Source material:

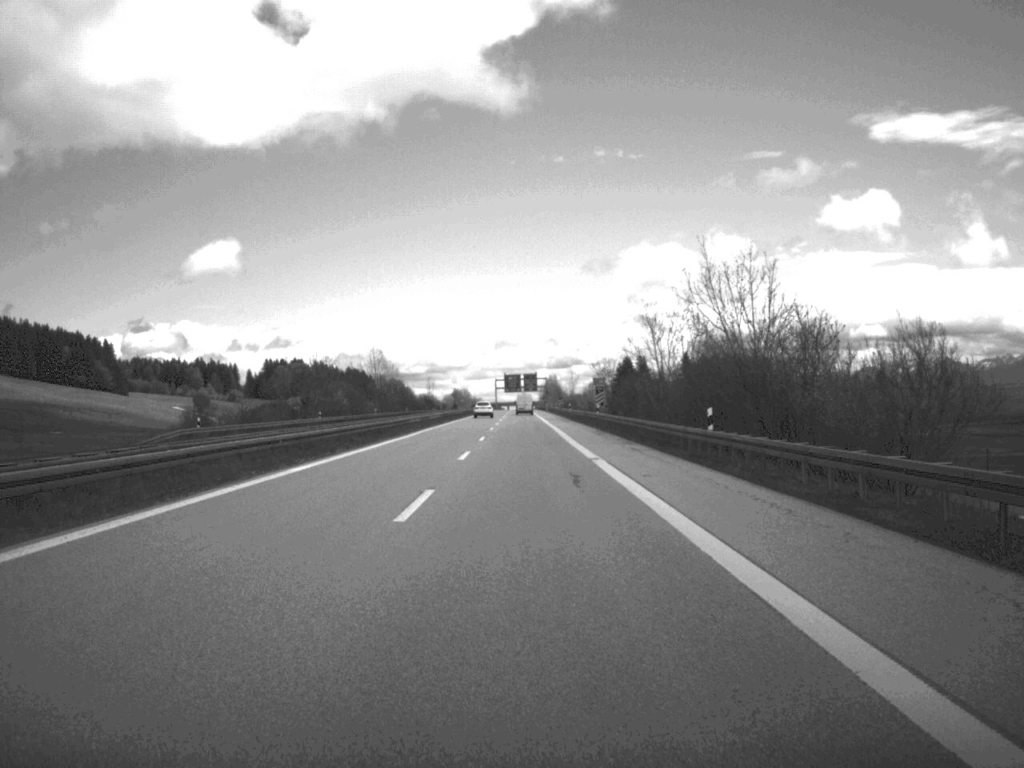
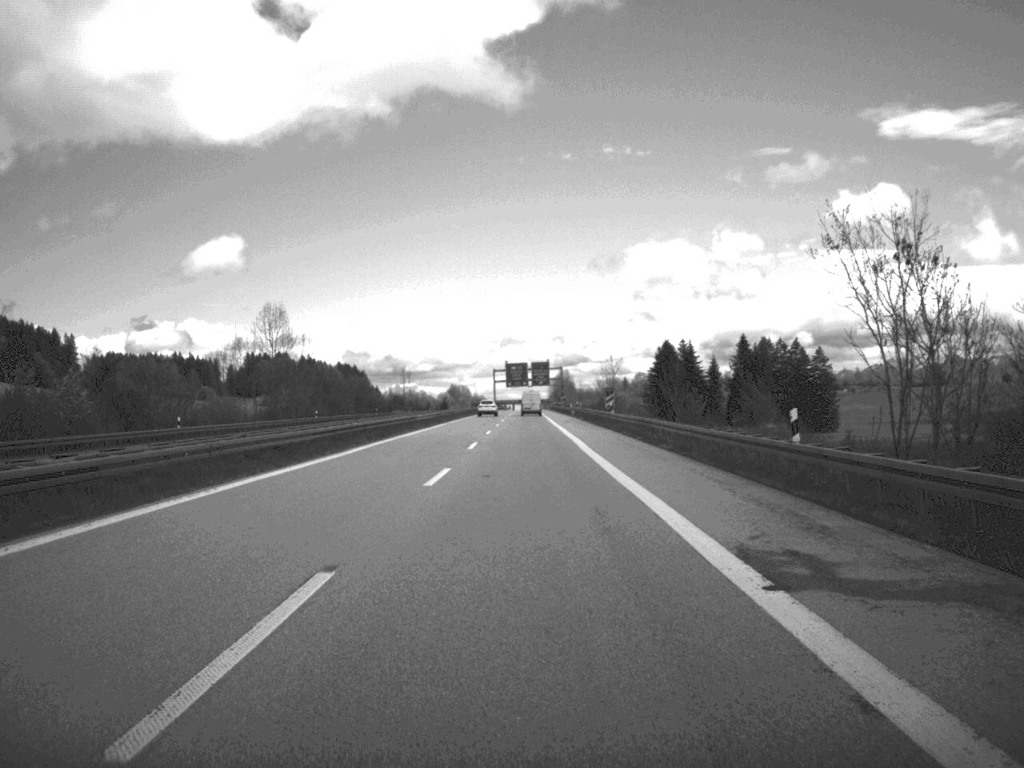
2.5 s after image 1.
(-0.4, +99.9) m; 0°
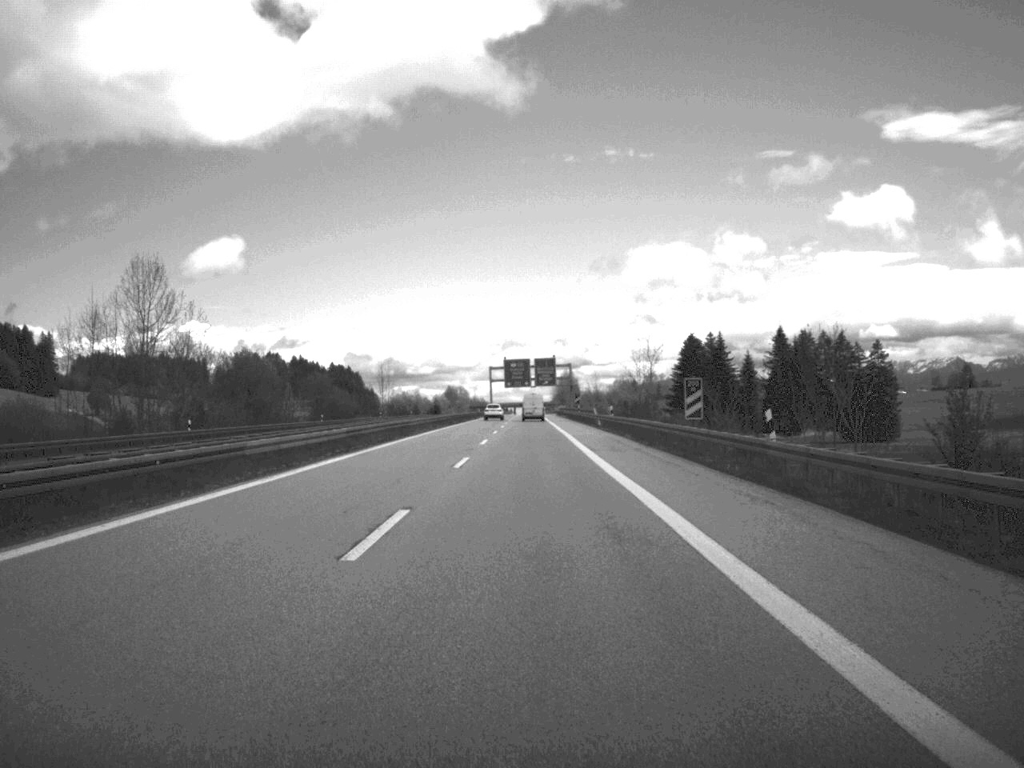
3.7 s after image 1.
(-0.1, +45.5) m; 0°
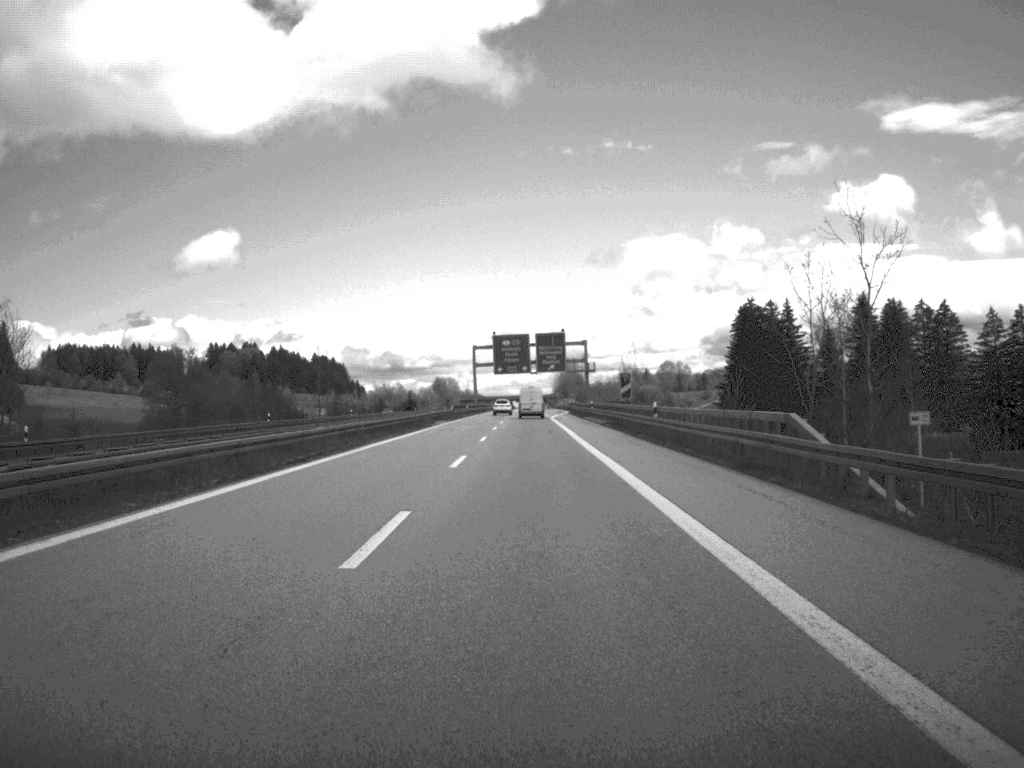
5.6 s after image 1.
(0.0, +71.9) m; 0°
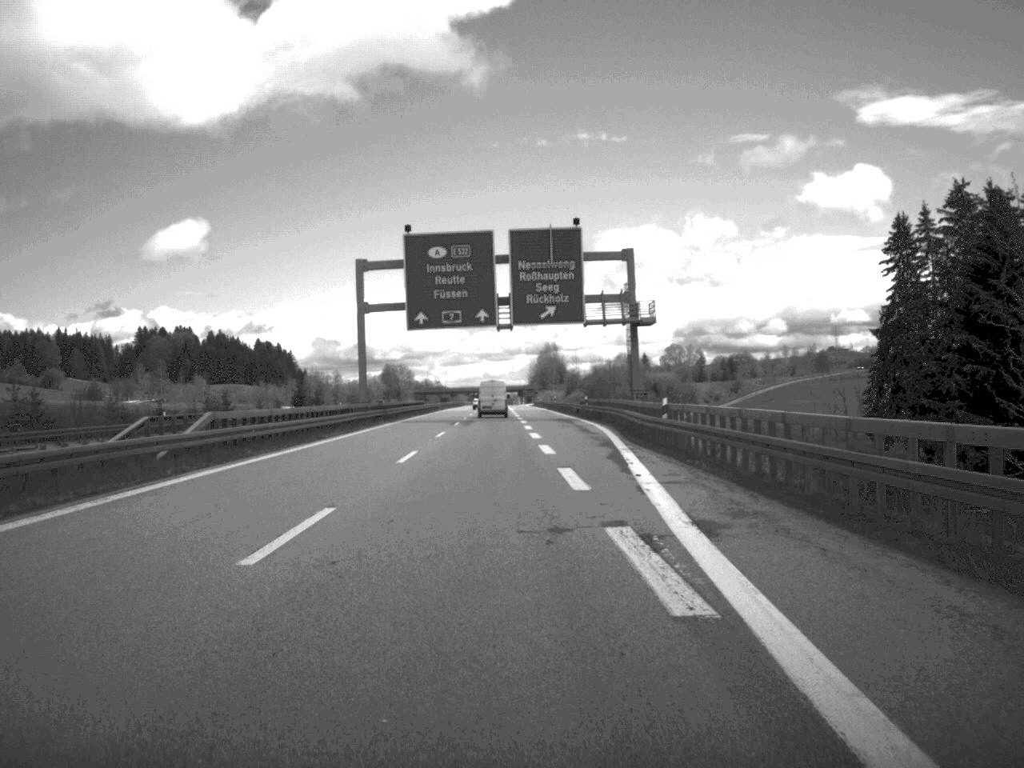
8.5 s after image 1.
(+0.6, +106.1) m; +1°
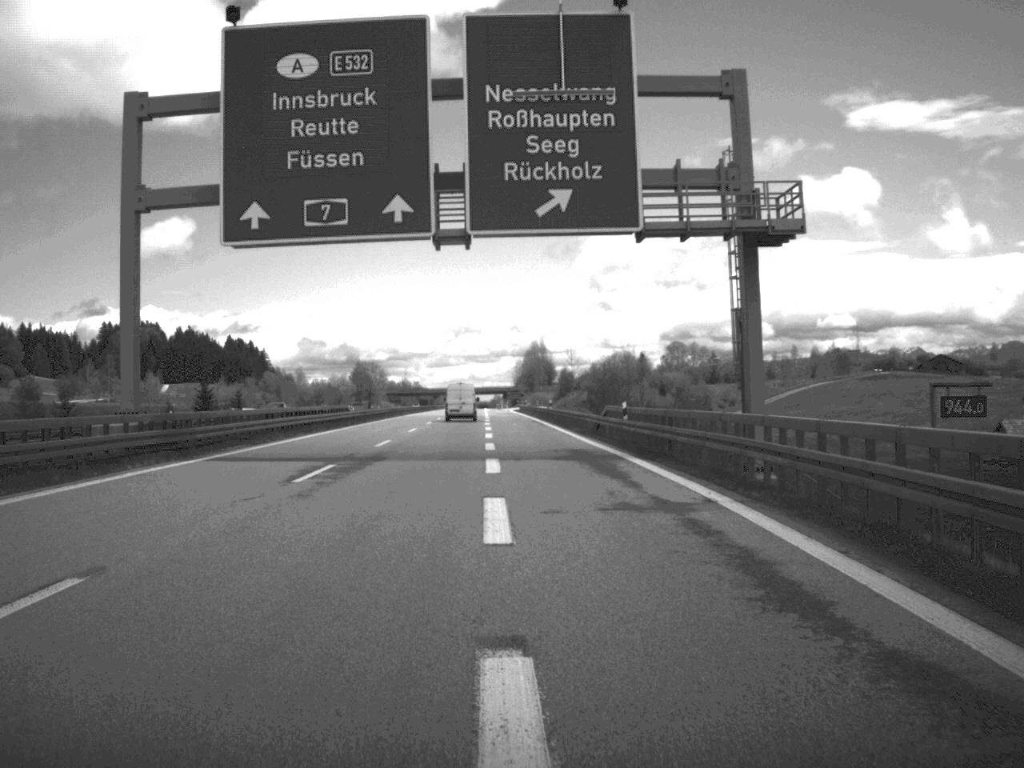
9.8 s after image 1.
(+0.3, +42.2) m; +1°
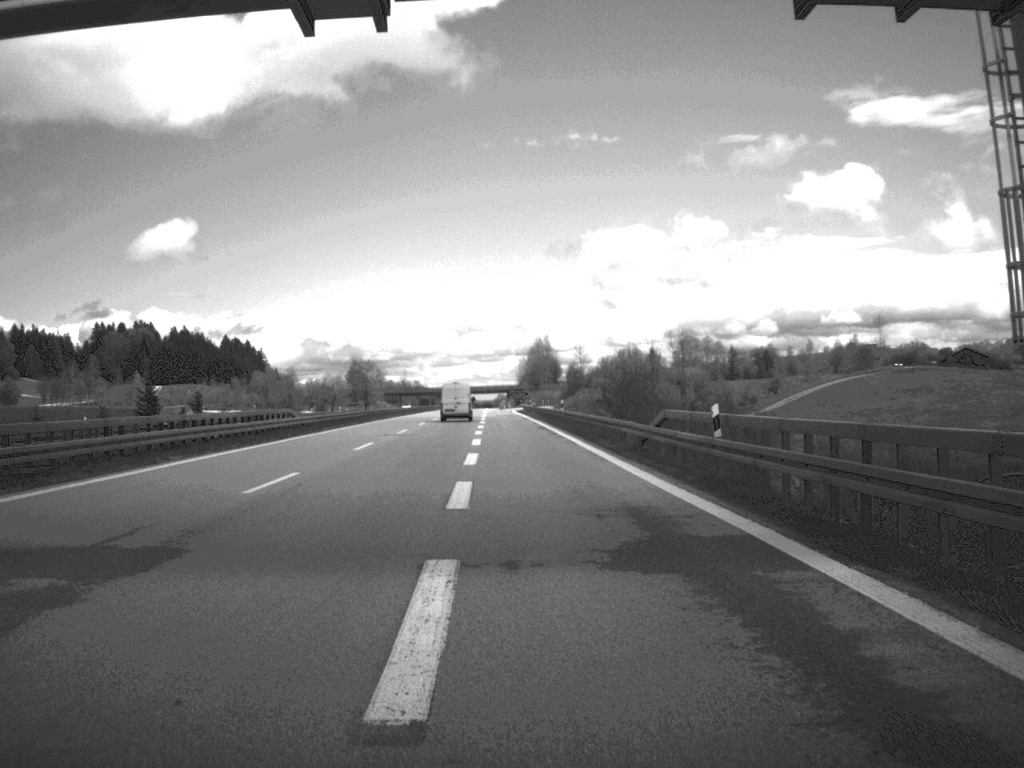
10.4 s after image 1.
(0.0, +19.4) m; 0°

Work instruction: Set the pictures aside and transcribe the data above exactly.

Expected output:
2.5 s after image 1.
(-0.4, +99.9) m; 0°
3.7 s after image 1.
(-0.1, +45.5) m; 0°
5.6 s after image 1.
(0.0, +71.9) m; 0°
8.5 s after image 1.
(+0.6, +106.1) m; +1°
9.8 s after image 1.
(+0.3, +42.2) m; +1°
10.4 s after image 1.
(0.0, +19.4) m; 0°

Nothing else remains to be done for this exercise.